> Task details
Determine the number of lines of the records below that include "object". Respond with the number and no other text.

Collection entries:
Start of Block

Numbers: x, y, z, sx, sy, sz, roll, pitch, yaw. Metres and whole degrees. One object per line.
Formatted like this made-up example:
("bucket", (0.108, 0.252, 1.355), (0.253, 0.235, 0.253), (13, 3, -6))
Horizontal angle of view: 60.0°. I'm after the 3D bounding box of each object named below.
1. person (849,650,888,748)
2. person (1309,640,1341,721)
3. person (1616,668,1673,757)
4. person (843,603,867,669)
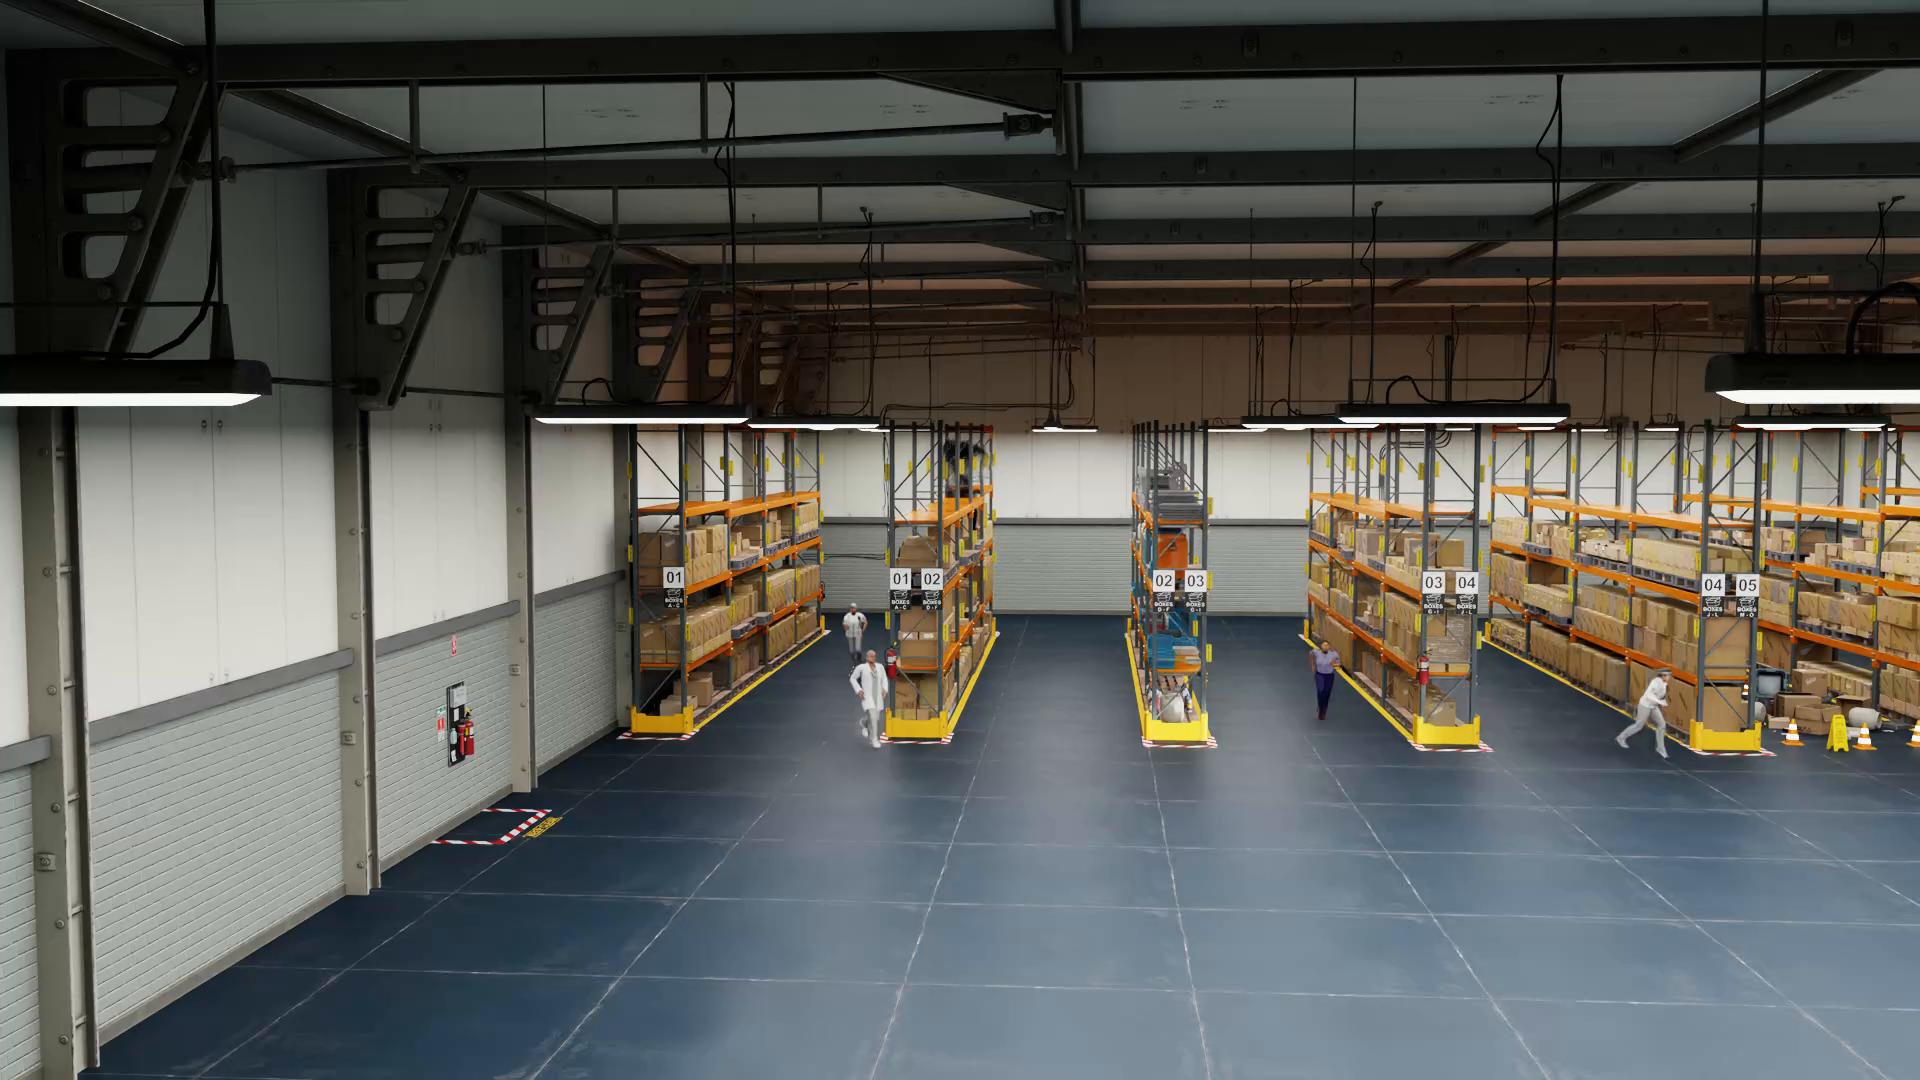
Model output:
("person", (-1.680, 2.918, 30.777), (0.733, 1.779, 0.864), (-2, 4, -32))
("person", (7.354, 2.806, 33.546), (0.597, 1.637, 0.893), (0, 4, 4))
("person", (12.299, 3.062, 29.875), (0.966, 1.627, 0.657), (3, 5, 41))
("person", (-2.554, 2.365, 40.196), (0.580, 1.689, 0.694), (0, 4, 5))

End of Block

> Solution to the exercise
2